Yla cosa continúa, lo de la manipulación, lo de querer hacernos comulgar con ruedas de molino, lo de tratar de aprovechar cualquier circunstancia para idear una historia con la que desprestigiar a los partidos políticos rivales, aunque tenga que ser a costa de empeorar el equilibrio en la sociedad. Basta que haya una mosca en una carnicería para echar por tierra la higiene y salubridad de todos los mercados. Basta que llegue unos minutos tarde el autobús para decir que el servicio de transportes urbanos es una bazofia. Y por contra, basta con que unos cuantos chavales consigan firmar un contrato miserable, con una duración ridícula, para decir que está mejorando el empleo; o que aprovechando que a determinado gerifalte le han atendido a cuerpo de rey, en la sanidad pública, se afirme que todos los pacientes gozan de habitación individual y enfermera a su entera disposición.

Así ha sucedido también con el uso descarado y partidista de la muerte de un senegalés en el popular barrio de Lavapiés, en Madrid, hace apenas unos días. Hubo quienes dijeron que la muerte era imputable a la policía, y cuando se supo que había obedecido a un infarto entonces esos mismos personajes le echaron la culpa al sistema capitalista. Ahora que se sabe que fue la policía municipal quien intentó reanimarlo, no ha habido nadie que haya rectificado, que haya pedido perdón, que haya dimitido de su cargo. Porque el caso es arrimar el ascua a su sardina, sin importarles demasiado la vida del desafortunado inmigrante.

Hay quienes son capaces de utilizar el sufrimiento ajeno con tal de promocionar determinadas siglas, aunque estén corriendo el riesgo de que, al echar siempre la culpa a los mismos, llegue a resplandecer la verdad, dejando las miserias al descubierto, y poniendo en evidencia la burda manipulación de los hechos.

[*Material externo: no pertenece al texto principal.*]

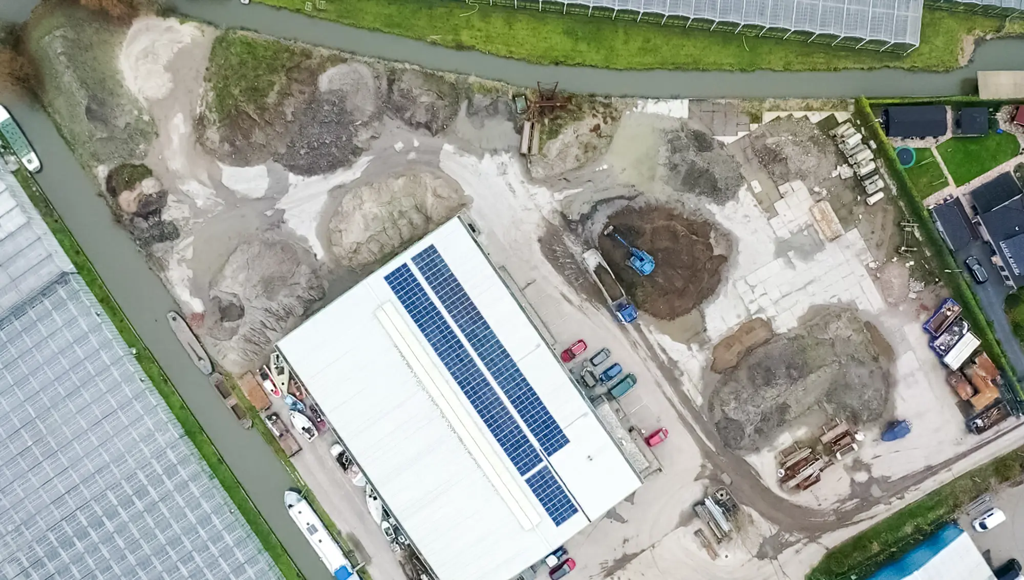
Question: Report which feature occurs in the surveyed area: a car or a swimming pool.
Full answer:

Porque quienes son protagonistas de este tipo de escarnios, pertenecen a un grupo que está acostumbrado a vivir en medio del bochorno y que, creen que se tipo de actuaciones son un antídoto contra el sistema.

Alguno de esos bocazas llegó a decir que "la policía no estaba para castigar un barrio", y todo el mundo estaría de acuerdo con ellos, si se hubiera dado tal circunstancia. Pero lo cierto, es que la cosa no sucedió así, sino que un montón de individuos, azuzados por radicales, llegados de una y otra parte de la ciudad, la emprendieron a porrazos con el mobiliario urbano y con las lunas de los establecimientos, mientras prendían fuego a contenedores, bicicletas, y destrozaban todo lo que se les ponía por delante. De hecho, el firme de las calles, en poco tiempo, se llenó de cristales e inmundicia. Los establecimientos de restauración, que por allí son acogedores y abundantes, se vieron obligados a echar el cierre, y las tascas y tabernas llegaron a perder la caja de esa tarde noche de finales de invierno.

Estoy en condiciones de decir que eso sucedió de esa manera, al menos durante las horas que permanecí en el barrio. Pues durante ese tiempo, no vi a ningún policía destruyendo nada, ni agrediendo a nadie, sino en un tenso compás de espera, vigilando para que la cosa no se desmadrara demasiado. Fue esa una tarde noche con sabor agridulce, pues el buen rato pasado en la función a la que había asistido, en el teatro nacional, ubicado en pleno centro del barrio, se vio atribulada por el fallecimiento, en plena calle, de manera repentina, de una persona joven, y por la actuación desmedida de grupos de individuos, hábilmente manipulados por vaya usted a saber quién y con qué intenciones.

Este barrio, antes castizo, hoy cosmopolita, suele gozar de un ambiente que gusta a jóvenes y bohemios, donde lo mismo puede verse a Ian Gibson cenando en algún bareto, que a Alberto San Juan camino del pequeño teatro, regentado por una cooperativa, en la calle Zurita. Es éste un barrio de casas antiguas, en gran parte rehabilitadas, que le dan a Madrid un aspecto equivalente al que se respirara a finales del siglo XIX. Un barrio entrañable, que estos últimos días se ha visto salpicado de odio y violencia, de humo y olor a quemado, de golpes y carreras, amenazando acabar con la rutina de tomar un café o una cerveza en el bar de siempre donde se ven los típicos vecinos de toda la vida, o gente variopinta, de distintas procedencias. Un ambiente de barrio con el que no han podido acabar los tiempos modernos, que continua adelante a pesar de convivir en él más de ochenta nacionalidades diferentes, o quizás sea, precisamente, por eso.